A beautiful autumn morning...

For whatever reason-- this often happens as the seasons change-- I slept through the night, all the way to the alarm at 0430: 99% of the time I will wake at some point between midnight and 0200, to say the Office, and this is also when I take the one medication. This morning I took the pill at 0430 and (because I'm not supposed to have anything but water for an hour after and I like my tea when I begin the day) went back to bed 'for an hour', which turned out to be seven f.ing o'clock. Tsk. On mornings like today, when the most sacred routine is upset, I said the invitatorium and Lauds, omitting Matins, have just finished Prime with the martyrology , and will now say Terce and then breakfast, which more or less puts me back on course for the day.  

Am listening to Spotify's 'Discover Weekly' playlist, a Monday custom. Sometimes there are in fact pleasant 'discoveries', most of the time they are well-known pieces, if by unfamiliar performers in many cases, once in a while they are dreck, pop music in pretense of being 'classical'. I saw this composer's name, Lepo Sumera (that is the English Wiki; the French is rather more informative even than the Estonian) on the Estonian Radio Klassikaraadio channel pages recently. Evidently, it is from the score for an animated film from 1986, Kevadine kärbes.

 


 

Post Tertiam. On their 'Kontserdisaalis' program this morning the Estonian Radio's Klassikaraadio is broadcasting a recording of the 1976 concert which first introducted Arvo Pärt's new work in his 'tintinnabuli' style of composition (if I understand the text, via the translation of the machina, correctly).  

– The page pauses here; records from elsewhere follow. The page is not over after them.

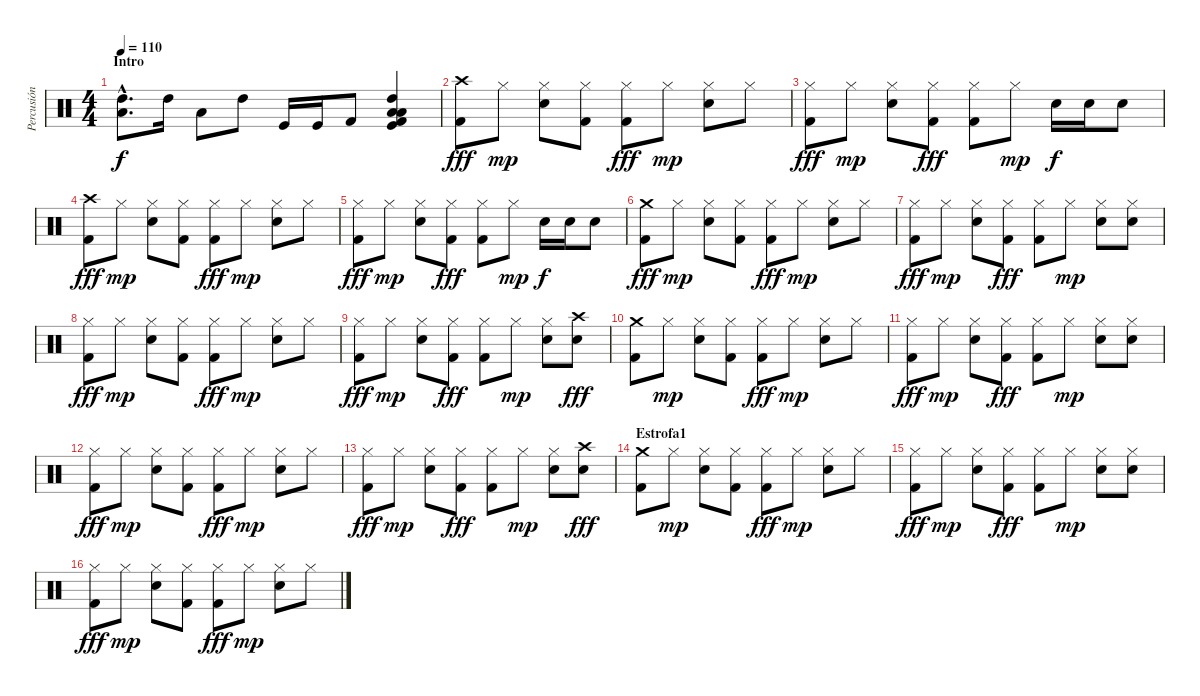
\track ("Percusión" "Percusión") {instrument percussion}
\staff {score}
\articulation defaults
\ts (4 4)
\section ("" "Intro")
\tempo 110
\clef neutral
\ks c
("Low Tom (hit)"{hac} "High Tom (hit)"{hac}).8{d bd 120 dy f} "High Tom (hit)".16 "Low Tom (hit)".8 "High Tom (hit)".8 "Kick (hit)".16 "Kick (hit)".16 "Kick (hit) 2".8 ("High Tom (hit)" "Kick (hit)" "Low Tom (hit)" "Kick (hit) 2" "Low Tom (hit)").4{bd 30} |
("Crash high (hit)" "Kick (hit) 2").8{dy fff volume 11 balance 8} "Hi-Hat (closed)".8{dy mp} ("Hi-Hat (closed)" "Snare (hit) 2").8 ("Hi-Hat (closed)" "Kick (hit) 2").8 ("Hi-Hat (closed)" "Kick (hit) 2").8{dy fff} "Hi-Hat (closed)".8{dy mp} ("Hi-Hat (closed)" "Snare (hit) 2").8 "Hi-Hat (closed)".8 |
("Hi-Hat (closed)" "Kick (hit) 2").8{dy fff} "Hi-Hat (closed)".8{dy mp} ("Hi-Hat (closed)" "Snare (hit) 2").8 ("Hi-Hat (closed)" "Kick (hit) 2").8{dy fff} ("Hi-Hat (closed)" "Kick (hit) 2").8 "Hi-Hat (closed)".8{dy mp} "Snare (hit) 2".16{dy f} "Snare (hit) 2".16 "Snare (hit) 2".8 |
("Crash high (hit)" "Kick (hit) 2").8{dy fff} "Hi-Hat (closed)".8{dy mp} ("Hi-Hat (closed)" "Snare (hit) 2").8 ("Hi-Hat (closed)" "Kick (hit) 2").8 ("Hi-Hat (closed)" "Kick (hit) 2").8{dy fff} "Hi-Hat (closed)".8{dy mp} ("Hi-Hat (closed)" "Snare (hit) 2").8 "Hi-Hat (closed)".8 |
("Hi-Hat (closed)" "Kick (hit) 2").8{dy fff} "Hi-Hat (closed)".8{dy mp} ("Hi-Hat (closed)" "Snare (hit) 2").8 ("Hi-Hat (closed)" "Kick (hit) 2").8{dy fff} ("Hi-Hat (closed)" "Kick (hit) 2").8 "Hi-Hat (closed)".8{dy mp} "Snare (hit) 2".16{dy f} "Snare (hit) 2".16 "Snare (hit) 2".8 |
("Crash medium (hit)" "Kick (hit) 2").8{dy fff} "Hi-Hat (closed)".8{dy mp} ("Hi-Hat (closed)" "Snare (hit) 2").8 ("Hi-Hat (closed)" "Kick (hit) 2").8 ("Hi-Hat (closed)" "Kick (hit) 2").8{dy fff} "Hi-Hat (closed)".8{dy mp} ("Hi-Hat (closed)" "Snare (hit) 2").8 "Hi-Hat (closed)".8 |
("Hi-Hat (closed)" "Kick (hit) 2").8{dy fff} "Hi-Hat (closed)".8{dy mp} ("Hi-Hat (closed)" "Snare (hit) 2").8 ("Hi-Hat (closed)" "Kick (hit) 2").8{dy fff} ("Hi-Hat (closed)" "Kick (hit) 2").8 "Hi-Hat (closed)".8{dy mp} ("Hi-Hat (closed)" "Snare (hit) 2").8 ("Hi-Hat (closed)" "Snare (hit) 2").8 |
("Hi-Hat (closed)" "Kick (hit) 2").8{dy fff} "Hi-Hat (closed)".8{dy mp} ("Hi-Hat (closed)" "Snare (hit) 2").8 ("Hi-Hat (closed)" "Kick (hit) 2").8 ("Hi-Hat (closed)" "Kick (hit) 2").8{dy fff} "Hi-Hat (closed)".8{dy mp} ("Hi-Hat (closed)" "Snare (hit) 2").8 "Hi-Hat (closed)".8 |
("Hi-Hat (closed)" "Kick (hit) 2").8{dy fff} "Hi-Hat (closed)".8{dy mp} ("Hi-Hat (closed)" "Snare (hit) 2").8 ("Hi-Hat (closed)" "Kick (hit) 2").8{dy fff} ("Hi-Hat (closed)" "Kick (hit) 2").8 "Hi-Hat (closed)".8{dy mp} ("Hi-Hat (closed)" "Snare (hit) 2").8 ("Crash high (hit)" "Snare (hit) 2").8{dy fff} |
("Crash medium (hit)" "Kick (hit) 2").8 "Hi-Hat (closed)".8{dy mp} ("Hi-Hat (closed)" "Snare (hit) 2").8 ("Hi-Hat (closed)" "Kick (hit) 2").8 ("Hi-Hat (closed)" "Kick (hit) 2").8{dy fff} "Hi-Hat (closed)".8{dy mp} ("Hi-Hat (closed)" "Snare (hit) 2").8 "Hi-Hat (closed)".8 |
("Hi-Hat (closed)" "Kick (hit) 2").8{dy fff} "Hi-Hat (closed)".8{dy mp} ("Hi-Hat (closed)" "Snare (hit) 2").8 ("Hi-Hat (closed)" "Kick (hit) 2").8{dy fff} ("Hi-Hat (closed)" "Kick (hit) 2").8 "Hi-Hat (closed)".8{dy mp} ("Hi-Hat (closed)" "Snare (hit) 2").8 ("Hi-Hat (closed)" "Snare (hit) 2").8 |
("Hi-Hat (closed)" "Kick (hit) 2").8{dy fff} "Hi-Hat (closed)".8{dy mp} ("Hi-Hat (closed)" "Snare (hit) 2").8 ("Hi-Hat (closed)" "Kick (hit) 2").8 ("Hi-Hat (closed)" "Kick (hit) 2").8{dy fff} "Hi-Hat (closed)".8{dy mp} ("Hi-Hat (closed)" "Snare (hit) 2").8 "Hi-Hat (closed)".8 |
("Hi-Hat (closed)" "Kick (hit) 2").8{dy fff} "Hi-Hat (closed)".8{dy mp} ("Hi-Hat (closed)" "Snare (hit) 2").8 ("Hi-Hat (closed)" "Kick (hit) 2").8{dy fff} ("Hi-Hat (closed)" "Kick (hit) 2").8 "Hi-Hat (closed)".8{dy mp} ("Hi-Hat (closed)" "Snare (hit) 2").8 ("Crash high (hit)" "Snare (hit) 2").8{dy fff} |
\section ("" "Estrofa1")
("Crash medium (hit)" "Kick (hit) 2").8 "Hi-Hat (closed)".8{dy mp} ("Hi-Hat (closed)" "Snare (hit) 2").8 ("Hi-Hat (closed)" "Kick (hit) 2").8 ("Hi-Hat (closed)" "Kick (hit) 2").8{dy fff} "Hi-Hat (closed)".8{dy mp} ("Hi-Hat (closed)" "Snare (hit) 2").8 "Hi-Hat (closed)".8 |
("Hi-Hat (closed)" "Kick (hit) 2").8{dy fff} "Hi-Hat (closed)".8{dy mp} ("Hi-Hat (closed)" "Snare (hit) 2").8 ("Hi-Hat (closed)" "Kick (hit) 2").8{dy fff} ("Hi-Hat (closed)" "Kick (hit) 2").8 "Hi-Hat (closed)".8{dy mp} ("Hi-Hat (closed)" "Snare (hit) 2").8 ("Hi-Hat (closed)" "Snare (hit) 2").8 |
("Hi-Hat (closed)" "Kick (hit) 2").8{dy fff} "Hi-Hat (closed)".8{dy mp} ("Hi-Hat (closed)" "Snare (hit) 2").8 ("Hi-Hat (closed)" "Kick (hit) 2").8 ("Hi-Hat (closed)" "Kick (hit) 2").8{dy fff} "Hi-Hat (closed)".8{dy mp} ("Hi-Hat (closed)" "Snare (hit) 2").8 "Hi-Hat (closed)".8

On October 27 [1976], it will be 44 years since the concert, which for the first time introduced [Arvo] Pärt's music related to the miraculous word 'tintinnabuli'. In the Estonia Concert Hall in Tallinn, the ensemble Hortus Musicus, the Tallinn Chamber Choir and some soloists performed Arvo Pärt's works in the first half of the concert. The program page read 'Tintinnabuli' for an explanation, and the other half of the evening was Hortus Musicus [performing] Guillaume Dufay's 15th-century five-part Mass L'Homme armé.

A few days before the Tallinn concert, Hortus Musicus presented a similar program [at] the University of Tartu. The composer himself was not present and [this] is therefore not considered to be a premiere. The first article marking Pärt's musical change was published on the basis of [this] concert in Tartu. 

The newspaper Edasi [Forward] (November 5, 1976) published a review by the then 77-year-old composer Johannes Bleive. Pärt's new music inspired him and he called the experience a surprise, [although 'strange' was his first reponse (sic? the machina spat out gibberish for this phrase)]. According to Bleive, Pärt "turned to new creative paths, which seems to be a protest against the highly dissonant, overcrowded [sic?] music of our time, where there is no peace, the enjoyment of pure musical instruments [sic?]".